Oft denken Eltern, dass Kinder durch den Einsatz eines Reboarder weniger Fahrspaß besitzen, doch das Gegenteil ist der Fall. Durch die umgekehrte Sitzposition entgegen der Fahrtrichtung, erhalten Kinder einen umfangreichen Blick auf die Heckscheibe und können dadurch die Fahrt stressfreier genießen. Auch die Seitenscheiben des Fahrzeuges bieten noch genauso viel Ausblick, wie bei einem herkömmlichen Kindersitz oder einer Kinderschale, die in Fahrtrichtung positioniert wurde. Wer selbst schon einmal als Beifahrer aus dem Fenster geschaut hat, weiß dass die Fixierung an vorbeiziehenden Objekten während der Fahrt schnell anstrengend werden kann. Das Hinausschauen aus der Heckscheibe oder Seitenscheibe bei einer entgegengesetzten Sitzposition, wirkt angenehmer und wirkt sich positiv auf das Verhalten des Kindes aus. Zugleich bietet der Reboarder für alle Eltern ein beruhigendes Gefühl, wenn es um die Sicherheit des Nachwuchses gehen soll, denn mit dieser Sitzlösung profitieren Autofahrer von einer erstklassigen Lösung, die bereits viele Eltern in der EU überzeugen konnte.

90 prozentige Minimierung von Unfallrisiken



Besorgte Eltern sollten die Sicherheit nicht dem Glück überlassen, sondern auf Qualität setzen. EU-geprüfte Reboarder sorgen dafür, dass das Kind optimal abgesichert im Sitz platziert werden kann. Ein plötzlicher Aufprall mit dem Fahrzeug sorgt dafür, dass das Risiko von gefährlichen Verletzungen des Kleinkindes minimiert wird. Viele Hersteller haben ihre Sitze streng nach Vorschriften und in gemeinsamer Zusammenarbeit mit Sicherheitsexperten entwickelt. Gutachten, wie beispielsweise vom ADAC, demonstrieren deutlich, dass sich mit dem Einsatz von Reboarder viele Sicherheitsbedenken zerstreuen lassen. So kommen Experten zum Schluss, dass sich mit solch einem Kindersitz, der rückwärts gerichtet positioniert wurde, Unfallschäden des Kindes bis zu 90 % verringert werden können.

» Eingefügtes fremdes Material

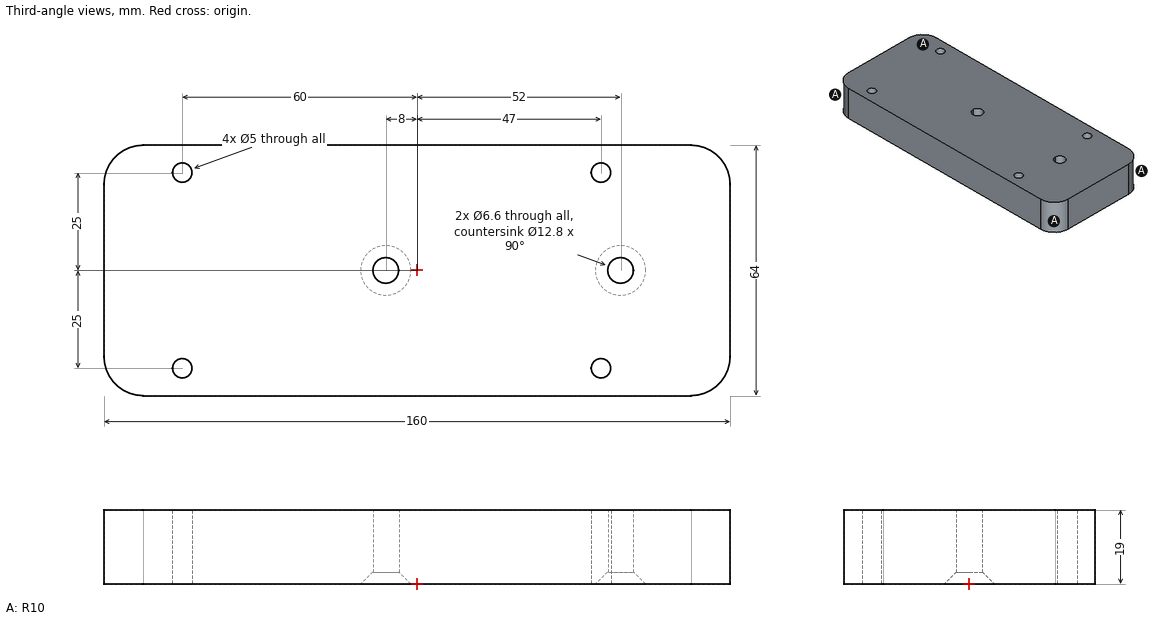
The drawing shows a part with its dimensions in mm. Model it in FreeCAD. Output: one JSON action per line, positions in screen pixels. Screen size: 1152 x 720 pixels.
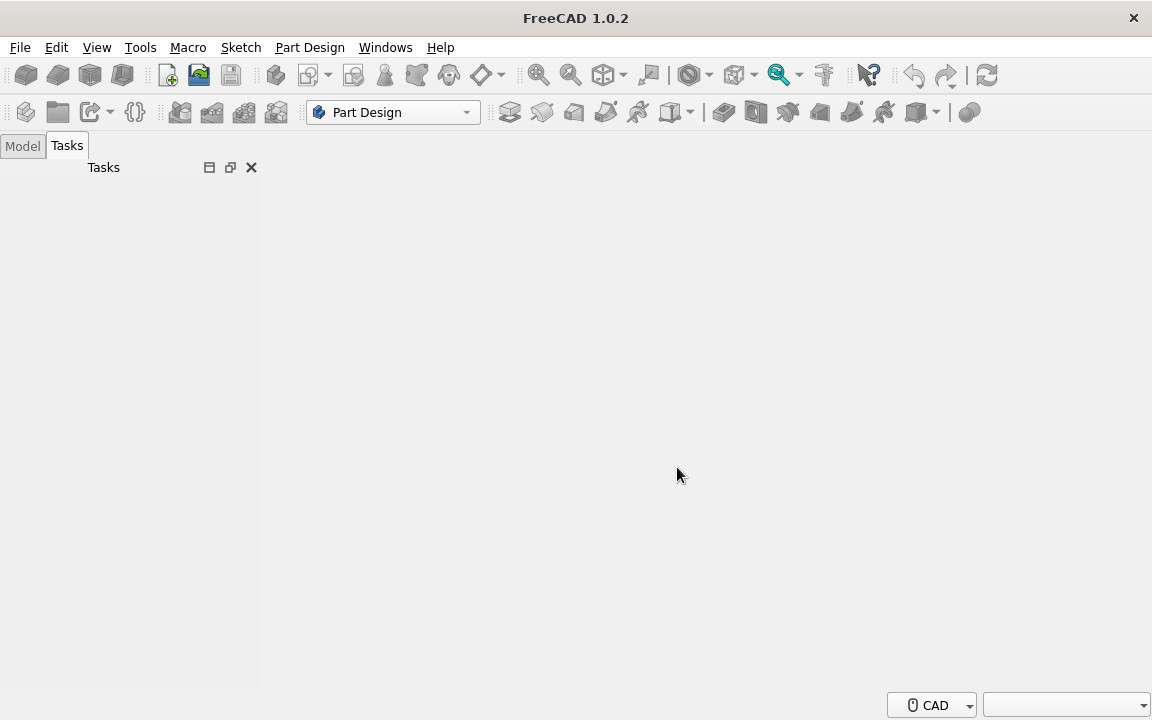
{"action": "left_click", "coordinate": [168, 76]}

Daher sollten die Reboarder nicht nur bei langen Reisen in Anspruch genommen werden, sondern auch bei Kurztrips, wie dem täglichen Einkauf, genutzt werden, um die Sicherheit des Kindes zu unterstützen. Nie zuvor war es einfacher und sicherer, Kleinkinder innerhalb eines Fahrzeuges transportieren zu können. Zudem wurde der Einsatz des Reboarder sogar verpflichtend für Autofahrer vorgeschrieben, die ein Kleinkind von bis zu 15 Monaten im Auto transportieren möchten. Sie sollten also möglicht bald einen Reboarder besorgen, die besten Modelle finden sie durch einen Reboarder Test, wie den verlinkten.

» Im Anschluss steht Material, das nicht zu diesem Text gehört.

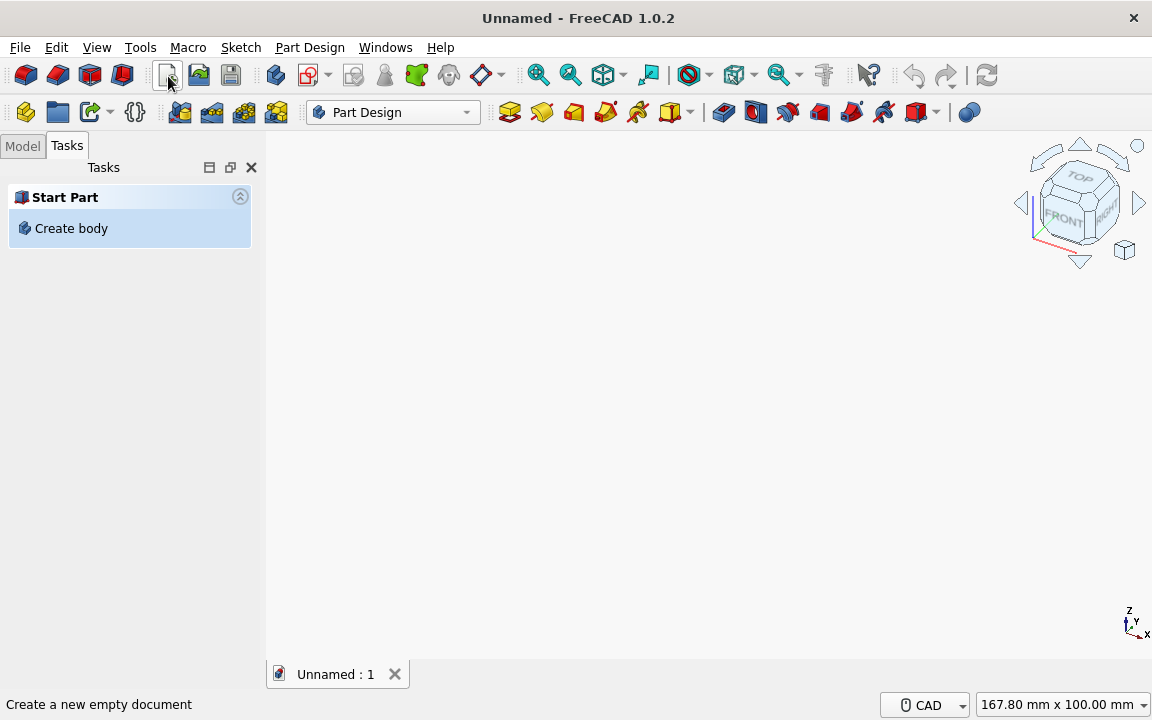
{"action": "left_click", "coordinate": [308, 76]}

Sicher sitzen mit dem Reboarder



In vielen Tests schneiden Reboarder auf den ersten Blick schlechter ab, als klassische Kindersitze, die eine nach vorne gerichtete Sitzposition aufweisen. Dies liegt allerdings nur daran, dass solche Tests häufig das Gewicht eines Kindersitzes miteinbeziehen. Kindersitze für Kinder über 15 Monate sind meist leichter und flexibler gestaltet und können spontaner in das Auto integriert werden. In Sachen Sicherheit, bietet das höhere Gewicht eines Reboarder aber eine perfekte Grundlage, denn dieses sorgt für die nötige Stabilität im Fahrzeug.